Electric field modeling of TMS. Modeling will be performed to confirm that a therapeutic level of stimulation is delivered to the correct neuroanatomical areas. We will utilize simNIBS 3.0 (www.simnibs.org) to model current distributions with a finite element method based upon the magnetic dipole model for the MagVenture A/P treatment coil positioned to create a tangent with regard to brain structure. Electrical conductivities will be assigned to different tissue types with assumed isotropic conductivity. The intensity was set to 50% of maximum system output, a typical level needed to achieve 120% of MT. These results indicate that the therapeutic level of stimulation is largely confined to the target structures, and that the ratio of target to non-target activity is high. This targeting technique will ensure accurate targeting the DLPFC and M1 sites.

Randomization allocation concealment and blinding. Participants will be randomly allocated to either: (1) M1active/ l-DLPFCactive or (2) M1active/ l-DLPFCsham based on a 1:1 allocation ratio with the allocation list generated by the statistician. Participants, study physicians, and the PI will be blinded to the type of rTMS they will receive due to the coil. All participants will be given the same instructions and information about the rTMS intervention. Researchers conducting laboratory-based outcome assessment and will be blinded to group allocation. Unblinding will be allowed when an adverse or unexpected event occurs.
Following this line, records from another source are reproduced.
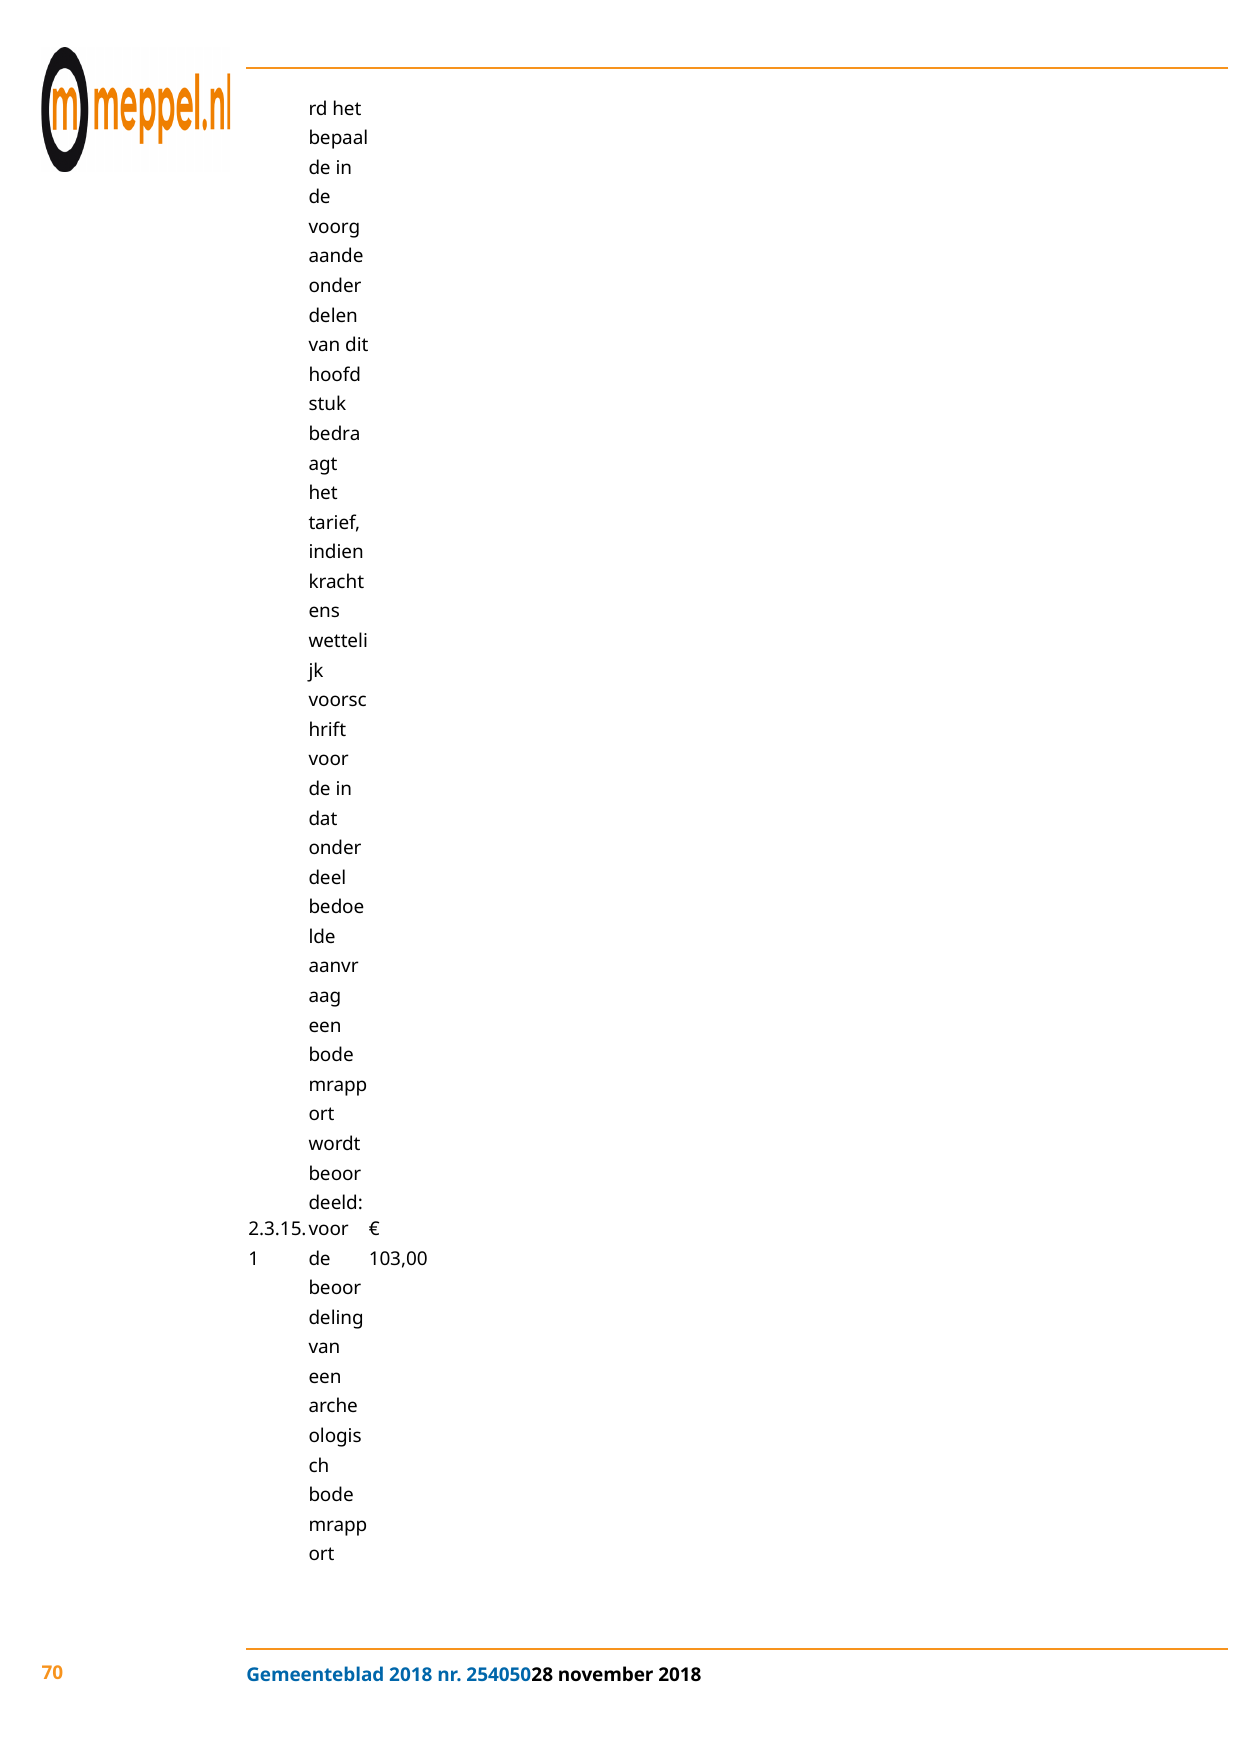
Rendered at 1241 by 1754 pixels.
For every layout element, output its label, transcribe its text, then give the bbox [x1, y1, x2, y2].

table_cell € 103,00 [369, 1215, 429, 1566]
picture [41, 47, 231, 172]
table_cell [248, 95, 308, 1215]
table_cell [369, 95, 429, 1215]
table_cell voor de beoordeling van een archeologisch bodemrapport [308, 1215, 368, 1566]
table_cell rd het bepaalde in de voorgaande onderdelen van dit hoofdstuk bedraagt het tarief, indien krachtens wettelijk voorschrift voor de in dat onderdeel bedoelde aanvraag een bodemrapport wordt beoordeeld: [308, 95, 368, 1215]
table_cell 2.3.15.1 [248, 1215, 308, 1566]
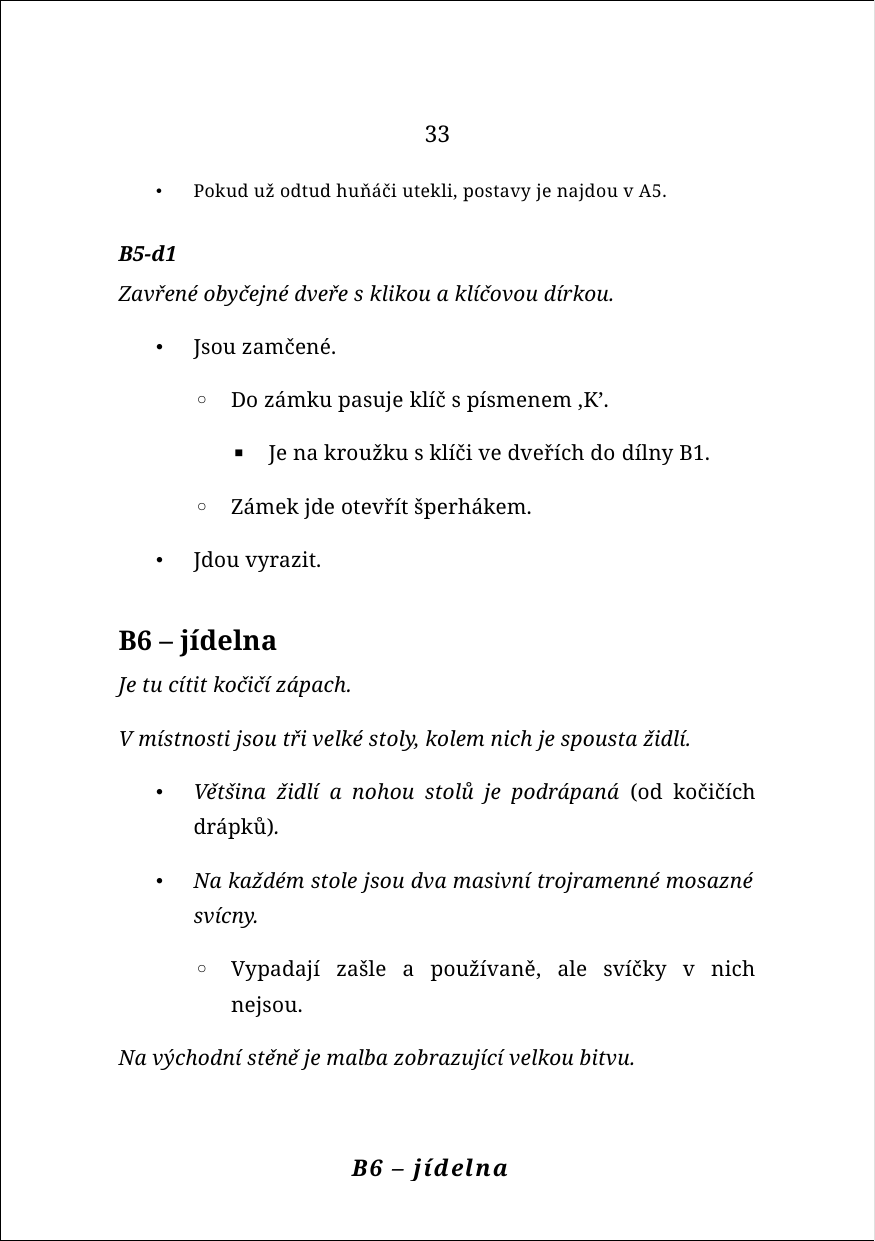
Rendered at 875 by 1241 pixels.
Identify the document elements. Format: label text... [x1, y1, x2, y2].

list Pokud už odtud huňáči utekli, postavy je najdou v A5. [156, 179, 756, 203]
list Na každém stole jsou dva masivní trojramenné mosazné svícny. [156, 866, 756, 930]
text Je tu cítit kočičí zápach. [118, 671, 756, 699]
list Většina židlí a nohou stolů je podrápaná (od kočičích drápků). [156, 777, 756, 841]
text V místnosti jsou tři velké stoly, kolem nich je spousta židlí. [118, 724, 756, 752]
list Vypadají zašle a používaně, ale svíčky v nich nejsou. [193, 954, 756, 1018]
list Jdou vyrazit. [156, 545, 756, 573]
text Na východní stěně je malba zobrazující velkou bitvu. [118, 1043, 756, 1072]
list Jsou zamčené. [156, 332, 756, 361]
list Je na kroužku s klíči ve dveřích do dílny B1. [231, 438, 756, 467]
subtitle B6 – jídelna [118, 622, 756, 659]
subtitle B5-d1 [118, 239, 756, 267]
text Zavřené obyčejné dveře s klikou a klíčovou dírkou. [118, 279, 756, 307]
list Zámek jde otevřít šperhákem. [193, 492, 756, 520]
list Do zámku pasuje klíč s písmenem ‚K’. [193, 385, 756, 414]
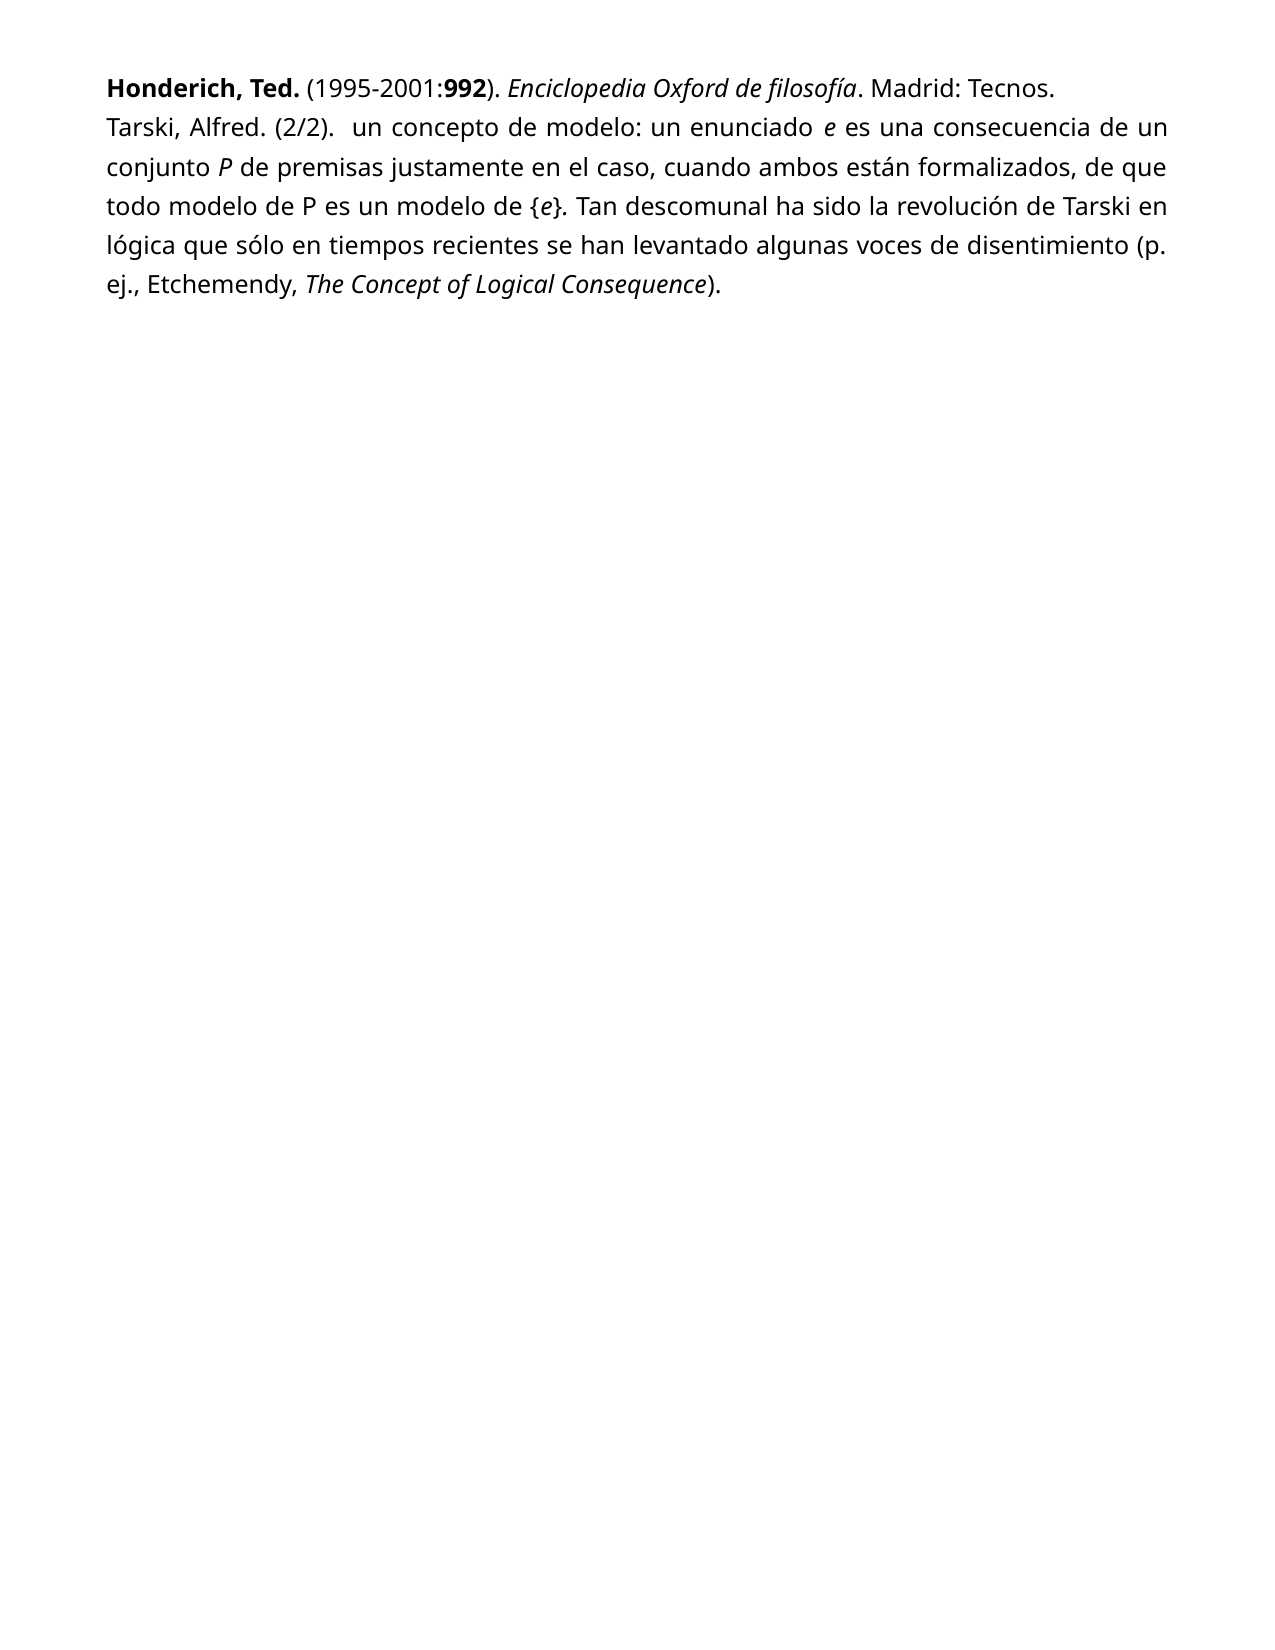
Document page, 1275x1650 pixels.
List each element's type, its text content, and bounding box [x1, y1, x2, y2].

text Tarski, Alfred. (2/2). un concepto de modelo: un enunciado e es una consecuencia de un conjunto P de premisas justamente en el caso, cuando ambos están formalizados, de que todo modelo de P es un modelo de {e}. Tan descomunal ha sido la revolución de Tarski en lógica que sólo en tiempos recientes se han levantado algunas voces de disentimiento (p. ej., Etchemendy, The Concept of Logical Consequence). [106, 110, 1169, 301]
text Honderich, Ted. (1995-2001:992). Enciclopedia Oxford de filosofía. Madrid: Tecnos. [106, 71, 1169, 105]
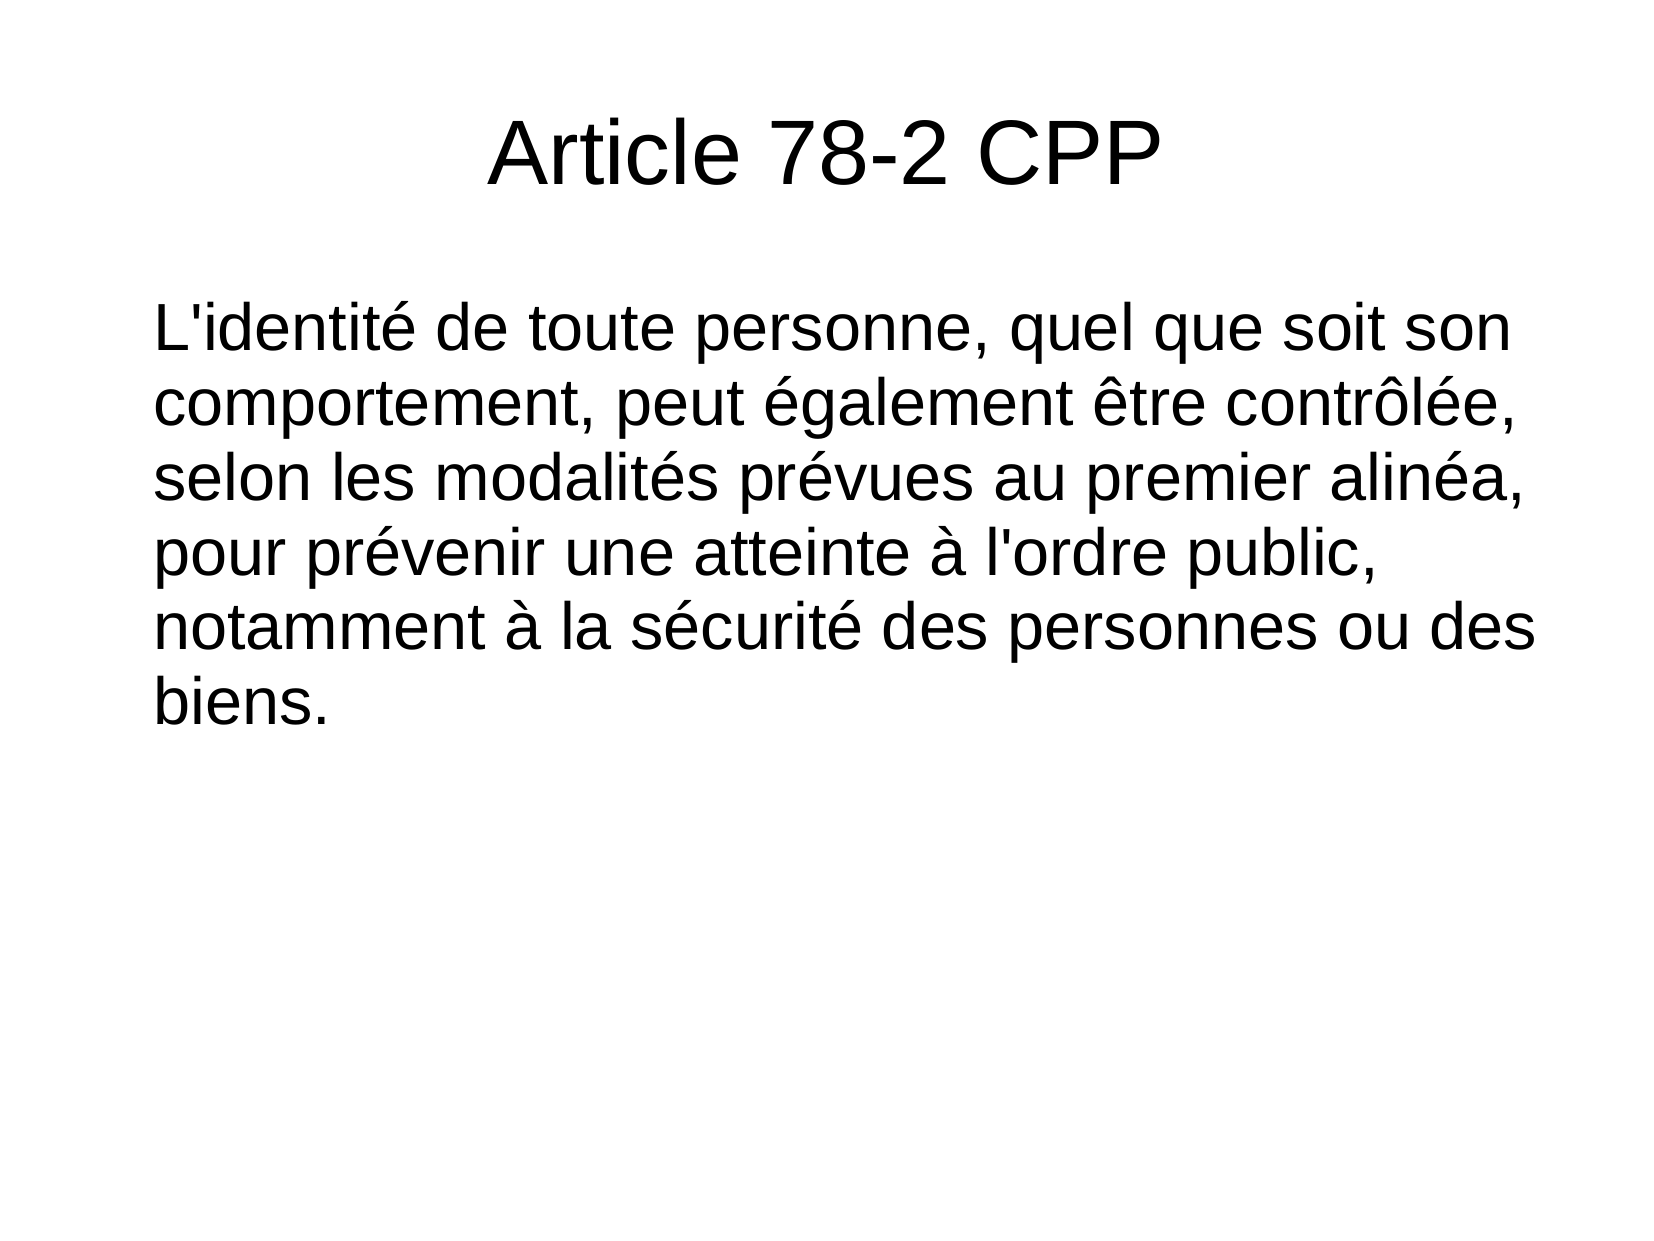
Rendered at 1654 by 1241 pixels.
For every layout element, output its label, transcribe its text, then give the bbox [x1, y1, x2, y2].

list L'identité de toute personne, quel que soit son comportement, peut également être contrôlée, selon les modalités prévues au premier alinéa, pour prévenir une atteinte à l'ordre public, notamment à la sécurité des personnes ou des biens. [82, 290, 1571, 1010]
title Article 78-2 CPP [82, 49, 1571, 257]

Measures of feasibility and safety. Feasibility and safety of the rTMS and Tai Chi intervention will be assessed using the following measures: (1) the number of sessions attended by each participant (attendance rate >80% is considered feasible)[71]; (2) the number of dropouts in each group (dropout rate <20% is considered feasible)[71]; (3) the proportion of participants recruited from the total number screened; (4) willingness of each participant to undergo interventions at baseline on an 11-point NRS with "not at all willing" at 0 and "very willing" at 10 (80% of participants score 7 or more are considered feasible); (5) the number of adverse events and the details of each event. Each adverse event will be considered separately. One or more serious adverse events will be considered unsafe.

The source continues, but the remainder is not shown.